Figure 1. Cyclophosphamide, not PC61, enhances the therapeutic effect of the neu-vaccine and high-avidity T-cell activity in neu-N mice. (A) PC61 depletes significantly more CD4+FOXP3+ T cells than cyclophosphamide (Cy) when given with neu-vaccine. The percent of CD4+FOXP3+ T cells in the tumor draining lymph nodes of neu-N mice challenged with NT2.5 tumor (5x104 cells on day 0) and treated with the neu-vaccine (3x106 cells on day 3) and high-avidity T cells (5x106 cells on day 4) (HV), with the addition of either 100 mg/kg Cy (HCV) or 150 µg/mouse PC61 (HPV) on day 2. * = p < 0.05, ** = p < 0.001. (B) Only Cy combined with high-avidity T cells and neu-vaccine treatment leads to tumor rejection in neu-N mice. Tumor growth in neu-N mice challenged with NT2.5 tumor (5x104 cells) and treated with high-avidity T cells (5x106 cells) and the neu-vaccine (3x106 cells) (HV) with the addition of either 100 mg/kg Cy (HCV), 150 µg/mouse PC61 (HPV), or Cy and PC61 combined (HCPV). ** = p < 0.001. (C) Cy plus neu-vaccine treatment leads to cytokine secretion by high-avidity T cells. High-avidity (Thy1.2) T cells from tumor draining lymph nodes on neu-N mice treated with high-avidity T cells, neu-vaccine, and Cy (HCV) or PC61 (HPV) were tested for their ability to secrete inflammatory cytokines 3 and 5 days after adoptive transfer. (D) Cy, not PC61, treatment leads to increased β1-integrin expression on high-avidity Tcells. High-avidity T cells isolated from tumor draining lymph nodes 3 d after adoptive transfer in neu-N mice treated with HCV, HPV, or HV. (E,F) Cy and PC61 preferentially deplete different subsets of CD25+ Tregs. The number of CD4+FOXP3+CD25low (E) or CD4+FOXP3+CD25high (F) Tregs in the spleen and tumor draining node (TDN) of neu-N mice treated with HCV, HPV, or HV. * = p < 0.05, ** = p < 0.001. All experiments were conducted at least 3 times (3 mice per group) with similar results.

Discussion

Here, we describe companion data to our recent publication “Trafficking of high avidity HER-2/neu-specific T cells into HER-2/neu-expressing tumors after depletion of effector/memory-like Tregs,” in which we showed that the Treg-depleting antibody PC61 is unable to cause the same antitumor effects as the Cy-mediated depletion of Tregs. Even though PC61 treatment led to a greater decrease in CD4+FOXP3+CD25+ Tregs, high-avidity CD8+ T cells did not upregulate integrins, secrete interferon γ, or effect tumor killing after PC61-mediated Treg depletion. Though the possibility exists that PC61 might have depleted adoptively transferred T cells or activated CD4+ T cells, this is unlikely because the administration of Cy plus PC61 plus the neu-vaccine allowed for similar extents of tumor killing as the administration of Cy plus the neu-vaccine alone, and we previously reported that the combination of Cy plus PC61 plus the neu-vaccine is able to elicit endogenous high-avidity T-cell responses againt HER-2/neu.
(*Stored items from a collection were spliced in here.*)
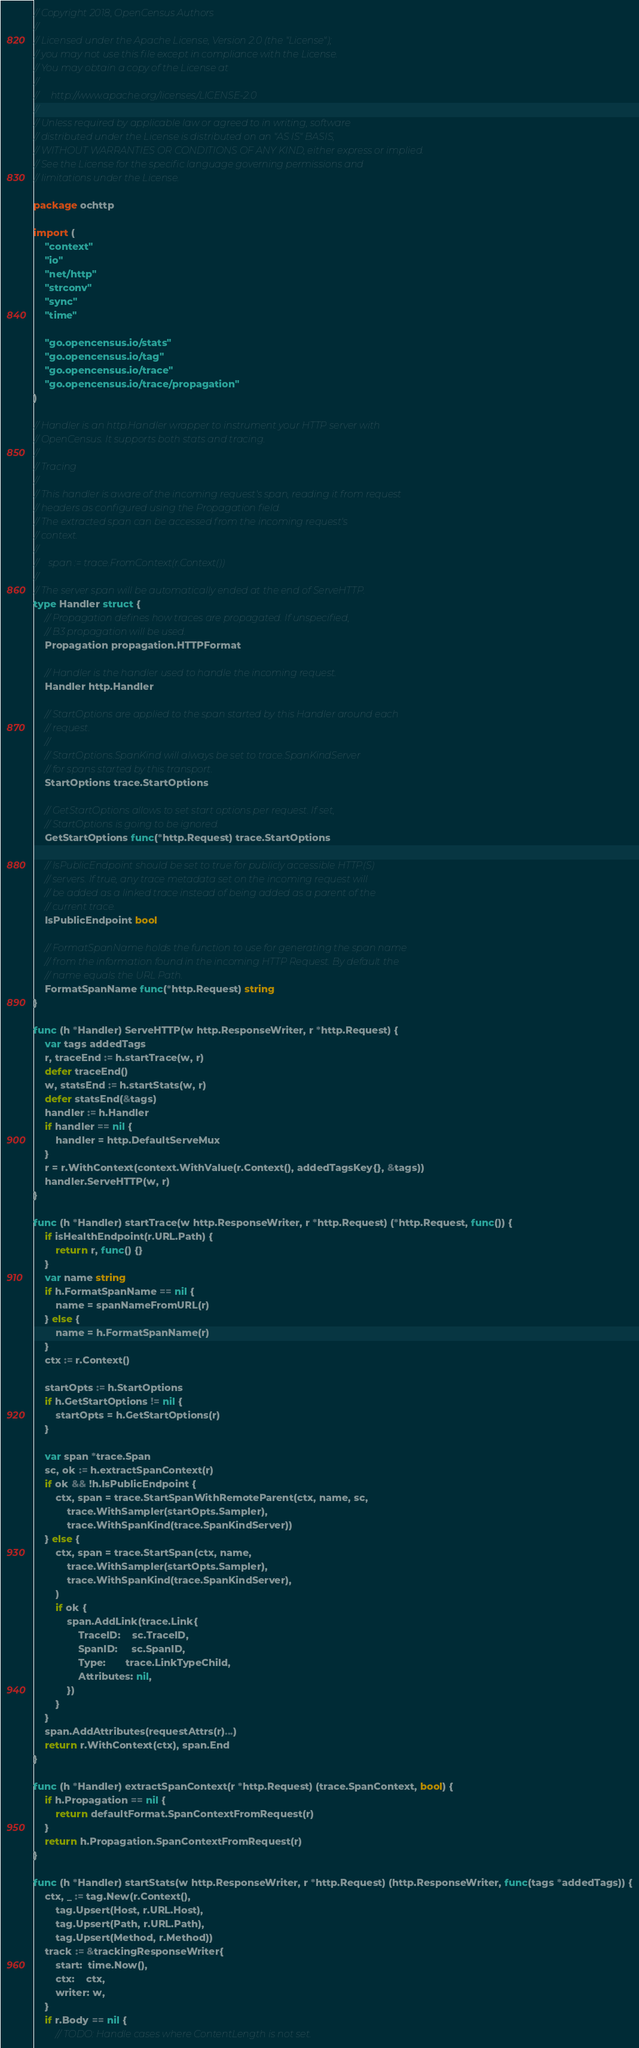<code> <loc_0><loc_0><loc_500><loc_500><_Go_>// Copyright 2018, OpenCensus Authors
//
// Licensed under the Apache License, Version 2.0 (the "License");
// you may not use this file except in compliance with the License.
// You may obtain a copy of the License at
//
//     http://www.apache.org/licenses/LICENSE-2.0
//
// Unless required by applicable law or agreed to in writing, software
// distributed under the License is distributed on an "AS IS" BASIS,
// WITHOUT WARRANTIES OR CONDITIONS OF ANY KIND, either express or implied.
// See the License for the specific language governing permissions and
// limitations under the License.

package ochttp

import (
	"context"
	"io"
	"net/http"
	"strconv"
	"sync"
	"time"

	"go.opencensus.io/stats"
	"go.opencensus.io/tag"
	"go.opencensus.io/trace"
	"go.opencensus.io/trace/propagation"
)

// Handler is an http.Handler wrapper to instrument your HTTP server with
// OpenCensus. It supports both stats and tracing.
//
// Tracing
//
// This handler is aware of the incoming request's span, reading it from request
// headers as configured using the Propagation field.
// The extracted span can be accessed from the incoming request's
// context.
//
//    span := trace.FromContext(r.Context())
//
// The server span will be automatically ended at the end of ServeHTTP.
type Handler struct {
	// Propagation defines how traces are propagated. If unspecified,
	// B3 propagation will be used.
	Propagation propagation.HTTPFormat

	// Handler is the handler used to handle the incoming request.
	Handler http.Handler

	// StartOptions are applied to the span started by this Handler around each
	// request.
	//
	// StartOptions.SpanKind will always be set to trace.SpanKindServer
	// for spans started by this transport.
	StartOptions trace.StartOptions

	// GetStartOptions allows to set start options per request. If set,
	// StartOptions is going to be ignored.
	GetStartOptions func(*http.Request) trace.StartOptions

	// IsPublicEndpoint should be set to true for publicly accessible HTTP(S)
	// servers. If true, any trace metadata set on the incoming request will
	// be added as a linked trace instead of being added as a parent of the
	// current trace.
	IsPublicEndpoint bool

	// FormatSpanName holds the function to use for generating the span name
	// from the information found in the incoming HTTP Request. By default the
	// name equals the URL Path.
	FormatSpanName func(*http.Request) string
}

func (h *Handler) ServeHTTP(w http.ResponseWriter, r *http.Request) {
	var tags addedTags
	r, traceEnd := h.startTrace(w, r)
	defer traceEnd()
	w, statsEnd := h.startStats(w, r)
	defer statsEnd(&tags)
	handler := h.Handler
	if handler == nil {
		handler = http.DefaultServeMux
	}
	r = r.WithContext(context.WithValue(r.Context(), addedTagsKey{}, &tags))
	handler.ServeHTTP(w, r)
}

func (h *Handler) startTrace(w http.ResponseWriter, r *http.Request) (*http.Request, func()) {
	if isHealthEndpoint(r.URL.Path) {
		return r, func() {}
	}
	var name string
	if h.FormatSpanName == nil {
		name = spanNameFromURL(r)
	} else {
		name = h.FormatSpanName(r)
	}
	ctx := r.Context()

	startOpts := h.StartOptions
	if h.GetStartOptions != nil {
		startOpts = h.GetStartOptions(r)
	}

	var span *trace.Span
	sc, ok := h.extractSpanContext(r)
	if ok && !h.IsPublicEndpoint {
		ctx, span = trace.StartSpanWithRemoteParent(ctx, name, sc,
			trace.WithSampler(startOpts.Sampler),
			trace.WithSpanKind(trace.SpanKindServer))
	} else {
		ctx, span = trace.StartSpan(ctx, name,
			trace.WithSampler(startOpts.Sampler),
			trace.WithSpanKind(trace.SpanKindServer),
		)
		if ok {
			span.AddLink(trace.Link{
				TraceID:    sc.TraceID,
				SpanID:     sc.SpanID,
				Type:       trace.LinkTypeChild,
				Attributes: nil,
			})
		}
	}
	span.AddAttributes(requestAttrs(r)...)
	return r.WithContext(ctx), span.End
}

func (h *Handler) extractSpanContext(r *http.Request) (trace.SpanContext, bool) {
	if h.Propagation == nil {
		return defaultFormat.SpanContextFromRequest(r)
	}
	return h.Propagation.SpanContextFromRequest(r)
}

func (h *Handler) startStats(w http.ResponseWriter, r *http.Request) (http.ResponseWriter, func(tags *addedTags)) {
	ctx, _ := tag.New(r.Context(),
		tag.Upsert(Host, r.URL.Host),
		tag.Upsert(Path, r.URL.Path),
		tag.Upsert(Method, r.Method))
	track := &trackingResponseWriter{
		start:  time.Now(),
		ctx:    ctx,
		writer: w,
	}
	if r.Body == nil {
		// TODO: Handle cases where ContentLength is not set.</code>

Similar results showing the ineffectiveness of PC61 in melanoma and pancreas cancer models may be explained by the fact that PC61-like therapies fail to attack effector Tregs that traffic with regular effector CD8+ T cells into the tumor microenvironment. Recent reports have demonstrated that PC61-mediated Treg depletion effectively reduces tumor growth but only when given with lymphodepleting doses of temozolomide. Altogether, these data highlight the complexity of Treg phenotypes, but also the fact that they can be effectively nullified to enhance tumor immunotherapy. Further elucidation of Treg subpopulations and their functions should lead to new ways to more efficiently deplete the Treg populations that de facto suppress the tumor-specific effector T cells while leaving in place populations that suppress non-specific T cell populations that are also activated by cancer immunotherapies.